The demise of Bacanora’s share price preceded the cancellation in July, 2018, of a proposed US$100 million financing that was intended to form part of a funding package for the development of an initial 17,500 tonnes per annum lithium carbonate operation at the company’s Sonora project.
Another former high flyer, Cobalt 27 Capital Corp. [KBLT-TSXV, 270-FSE] has also seen its share price drop from a high of $14 in early March to $6.50 on August 10, 2018.
Cobalt 27 is a company that was setting itself up as an investment proxy on the electric vehicle revolution by offering investors pure play exposure to cobalt.

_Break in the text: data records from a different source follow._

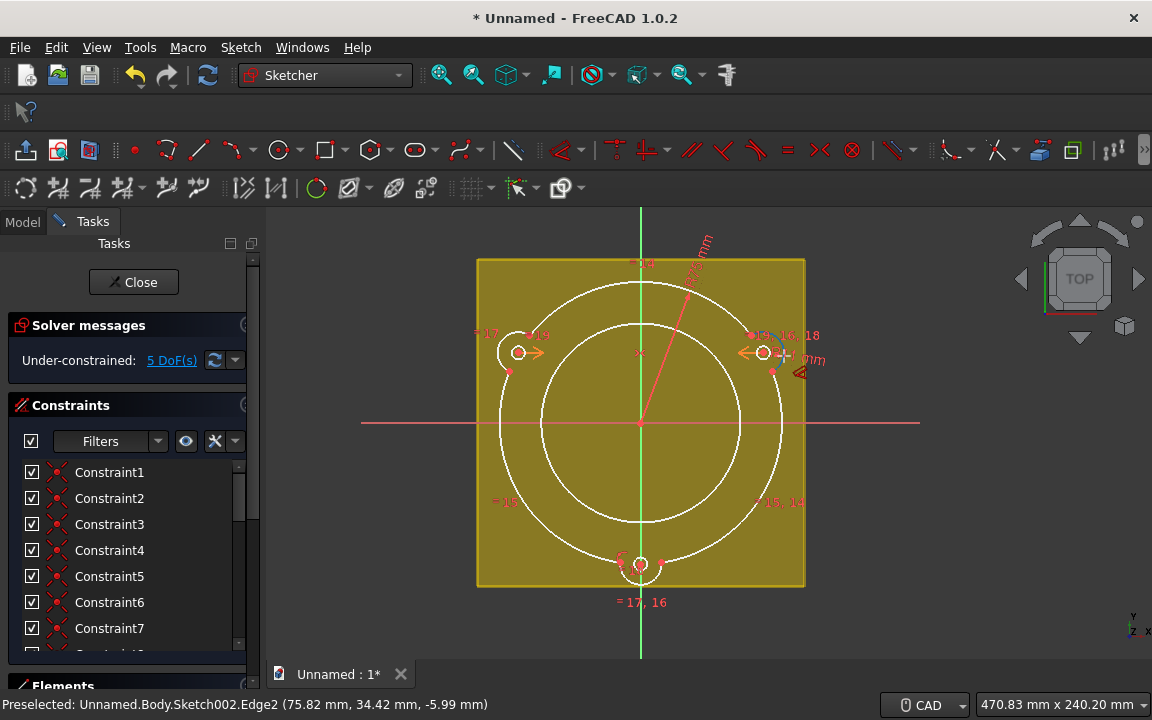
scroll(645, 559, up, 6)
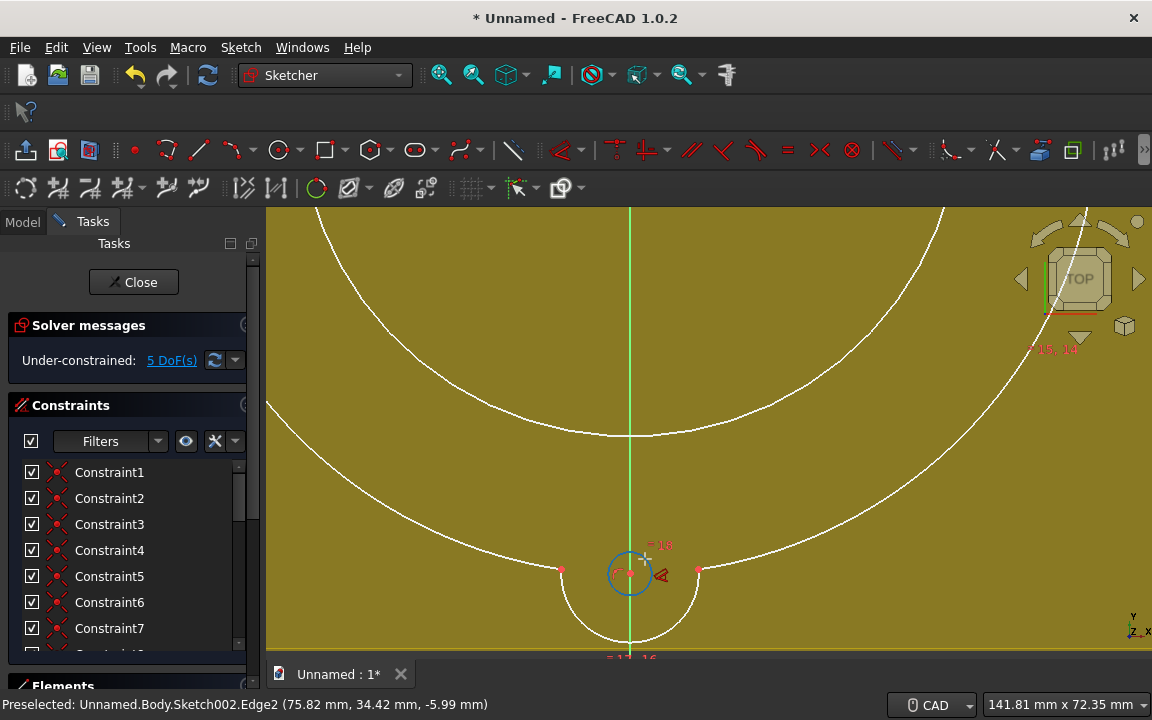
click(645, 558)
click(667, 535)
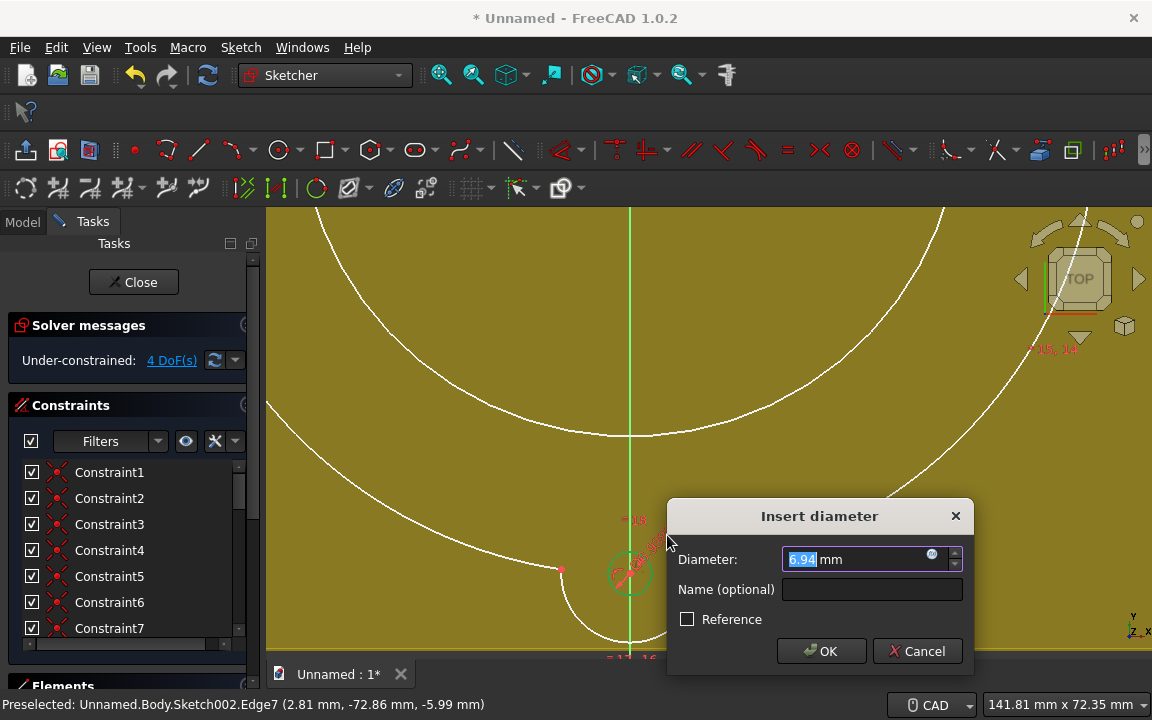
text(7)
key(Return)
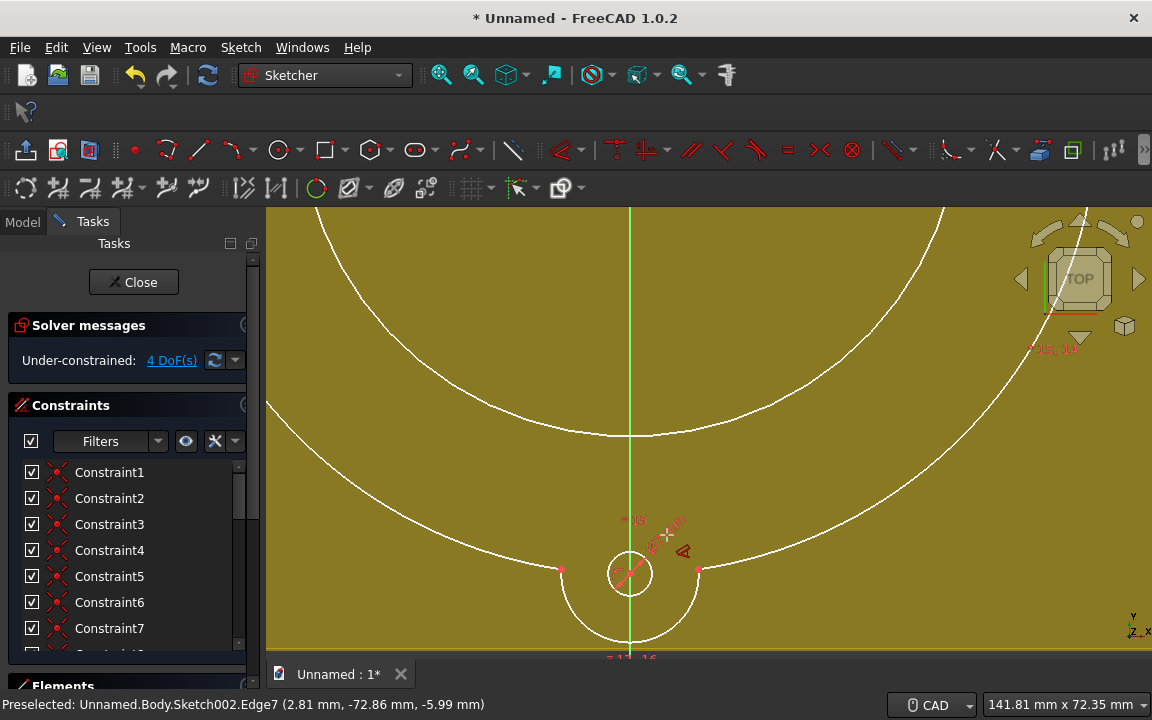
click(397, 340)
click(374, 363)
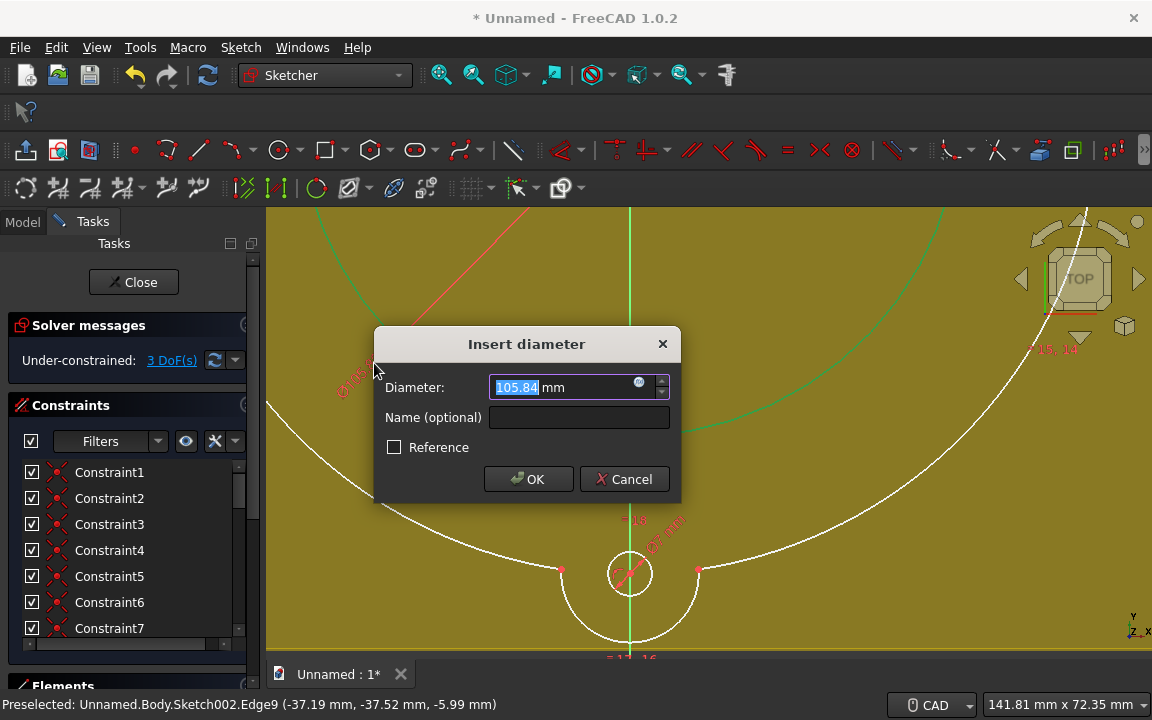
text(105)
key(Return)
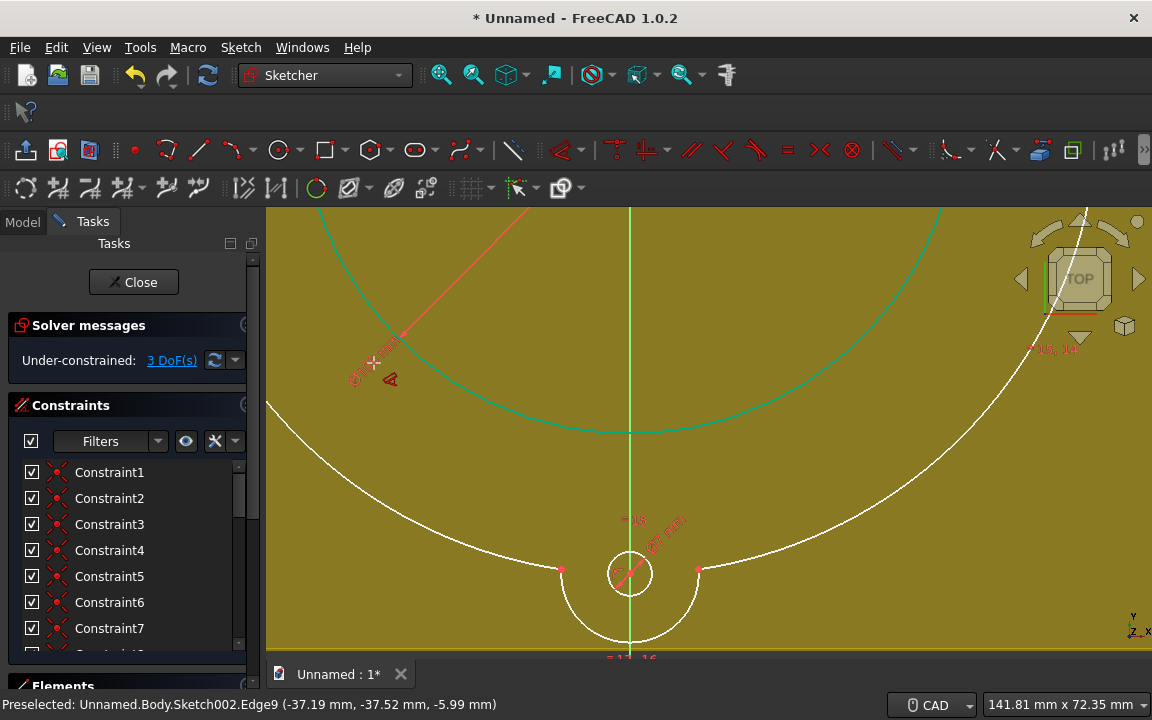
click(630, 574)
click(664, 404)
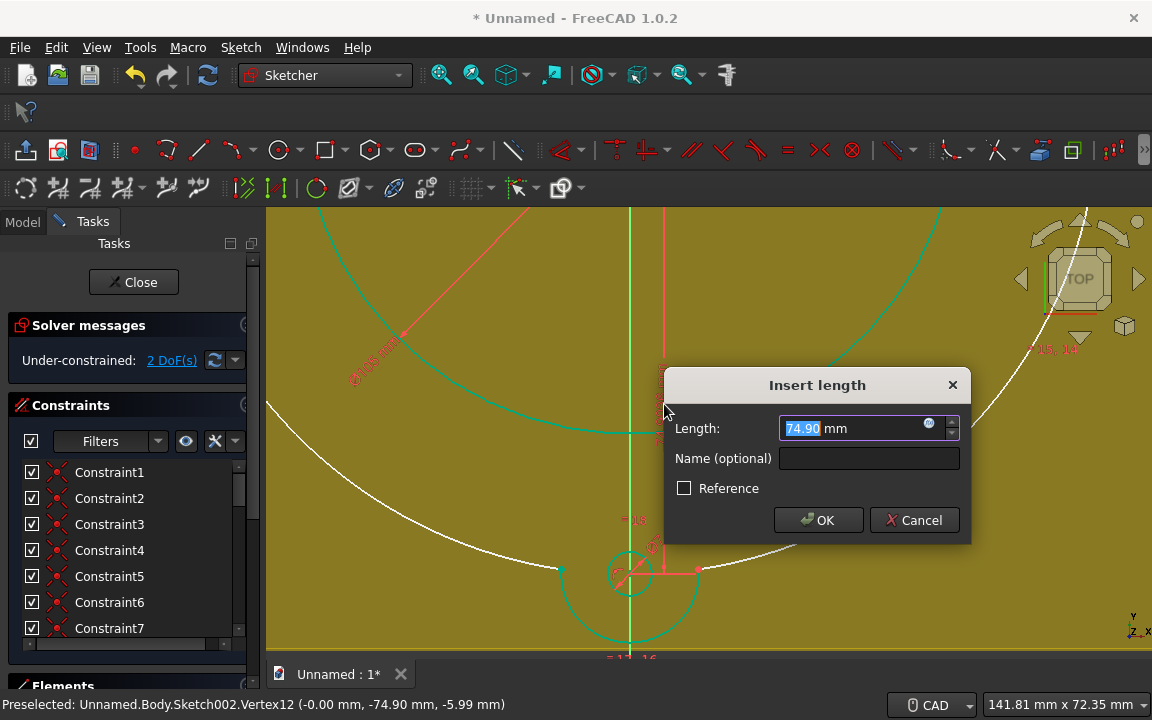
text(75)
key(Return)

In a telephone interview from London, England, Cobalt 27 Chairman and CEO Anthony Milewski said he decided to focus on cobalt because it is mainly produced as a byproduct of other metals, such as copper and nickel. Companies like Cobalt 27 are betting that supply cannot easily be increased to support the rising demand that is expected to accompany the adoption of electric vehicles and the batteries needed to drive them.
But rather than mine cobalt directly out of the ground, Milewski and his partners decided to take a different approach. In addition to owning 2,982 tonnes of physical cobalt, the company has opted to invest in a cobalt-focused portfolio of streams, royalties and direct interests in mineral properties containing cobalt.
It is a strategy that has already proven successful for precious metal sector companies such as Franco-Nevada Corp. [FNV-TSX, NYSE] and Wheaton Precious Metals Corp. [WPM-TSX, NYSE].
In his research report, Eccelstone said investor interest in cobalt has been on the wane almost since the day that Cobalt 27 announced in June, 2018 that it was paying US$300 million to acquire 32.6% of the cobalt production from Vale SA’s Voisey’s Bay nickel mine in Labrador, Canada.
Eccelstone said this agreement told the market that majors like Vale are not believers in the cobalt story and that cobalt was out there in the major mines and in major quantities and that all that need to happen was that the miners needed to extend [their mining activity] at depth and along strike.
“Oops….not exactly an endorsement of cobalt’s scarcity value,’’ he writes.
He goes on to express the view that the electric vehicle surge is not going away, but it may also not evolve in the way that over-enthusiastic investors and promoters might imagine.
“This is not the first bump in the road (that was back in 2011) and this will not be the last,’’ he said.
A recent Wall Street Journal article noted that investors in lithium and cobalt face two key problems.
One is that reliable prices for both commodities are hard to find. This is because unlike most other commodities, lithium and cobalt don’t have actively-traded futures contracts tied to them. It means that many investors are forced to rely on costly services to get price estimates. These estimates can differ widely.
Secondly, supply and demand projections for lithium and cobalt can move dramatically because they are tied to how quickly consumers will adopt electric cars – a trend still in its early stages that skeptics say is largely built on hype given the history of disrupting long-entrenched habits like driving.
Due to the fact that cobalt is mainly produced as a by-product of other metals and therefore cannot be easily delivered in sufficient quantities that may be needed to meet future demand, Eccelstone writes that battery makers and original equipment manufacturers will look for an alternative.
Meanwhile, equipped with debt funding commitments totalling US$240 million, an amount that represents 52% of the US$460 million required for Stage 1 production, Bacanora said it will now focus on completing the engineering design while continuing discussions aimed at securing the remainder of the required funding.